■ Work item: Check every line below for the string "computer". Copy the ones that have it.

---------- Given records ----------

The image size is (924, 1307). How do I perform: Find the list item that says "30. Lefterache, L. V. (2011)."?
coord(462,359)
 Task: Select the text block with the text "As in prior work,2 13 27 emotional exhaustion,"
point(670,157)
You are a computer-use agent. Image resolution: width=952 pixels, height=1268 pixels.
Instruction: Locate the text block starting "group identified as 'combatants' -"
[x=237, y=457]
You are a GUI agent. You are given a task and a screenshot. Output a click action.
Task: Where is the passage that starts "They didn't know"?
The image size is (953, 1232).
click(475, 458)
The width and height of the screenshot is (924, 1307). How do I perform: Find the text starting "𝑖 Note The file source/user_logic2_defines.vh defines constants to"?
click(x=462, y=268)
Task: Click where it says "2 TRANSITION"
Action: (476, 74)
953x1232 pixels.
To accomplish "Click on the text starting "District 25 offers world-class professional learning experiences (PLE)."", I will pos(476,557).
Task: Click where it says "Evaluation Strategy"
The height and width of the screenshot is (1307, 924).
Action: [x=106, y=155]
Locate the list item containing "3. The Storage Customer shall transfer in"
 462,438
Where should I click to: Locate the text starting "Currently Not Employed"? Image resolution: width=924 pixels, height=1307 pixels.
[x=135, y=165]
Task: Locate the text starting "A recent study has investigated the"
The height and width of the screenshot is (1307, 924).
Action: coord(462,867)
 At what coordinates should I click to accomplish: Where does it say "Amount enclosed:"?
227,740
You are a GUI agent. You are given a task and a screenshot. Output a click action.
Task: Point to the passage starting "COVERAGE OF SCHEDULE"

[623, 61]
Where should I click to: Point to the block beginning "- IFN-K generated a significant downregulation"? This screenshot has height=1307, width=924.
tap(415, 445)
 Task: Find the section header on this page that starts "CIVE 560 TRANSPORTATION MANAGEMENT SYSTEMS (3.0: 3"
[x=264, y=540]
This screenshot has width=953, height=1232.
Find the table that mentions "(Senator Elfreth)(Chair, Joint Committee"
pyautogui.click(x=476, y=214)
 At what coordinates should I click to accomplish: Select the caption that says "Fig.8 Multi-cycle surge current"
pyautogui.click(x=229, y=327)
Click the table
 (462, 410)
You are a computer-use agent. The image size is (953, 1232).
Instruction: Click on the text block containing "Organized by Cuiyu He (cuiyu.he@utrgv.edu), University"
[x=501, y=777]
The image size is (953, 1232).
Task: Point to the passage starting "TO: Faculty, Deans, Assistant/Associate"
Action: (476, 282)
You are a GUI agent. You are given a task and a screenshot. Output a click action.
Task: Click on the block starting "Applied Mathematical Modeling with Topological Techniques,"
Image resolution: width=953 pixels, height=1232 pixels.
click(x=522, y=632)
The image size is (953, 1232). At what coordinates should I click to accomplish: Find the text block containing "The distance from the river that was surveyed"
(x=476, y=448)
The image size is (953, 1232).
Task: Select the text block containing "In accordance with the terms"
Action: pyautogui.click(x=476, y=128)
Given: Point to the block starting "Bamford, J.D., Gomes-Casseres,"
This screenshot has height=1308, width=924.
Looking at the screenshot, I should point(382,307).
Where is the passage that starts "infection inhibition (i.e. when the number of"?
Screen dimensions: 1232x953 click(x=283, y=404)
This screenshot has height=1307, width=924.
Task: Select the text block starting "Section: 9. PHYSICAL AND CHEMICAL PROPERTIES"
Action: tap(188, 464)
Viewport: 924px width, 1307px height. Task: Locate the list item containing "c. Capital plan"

----------

■ Exercise answer:
You are a computer-use agent. Image resolution: width=952 pixels, height=1268 pixels.
You are a computer-use agent. The image size is (953, 1232).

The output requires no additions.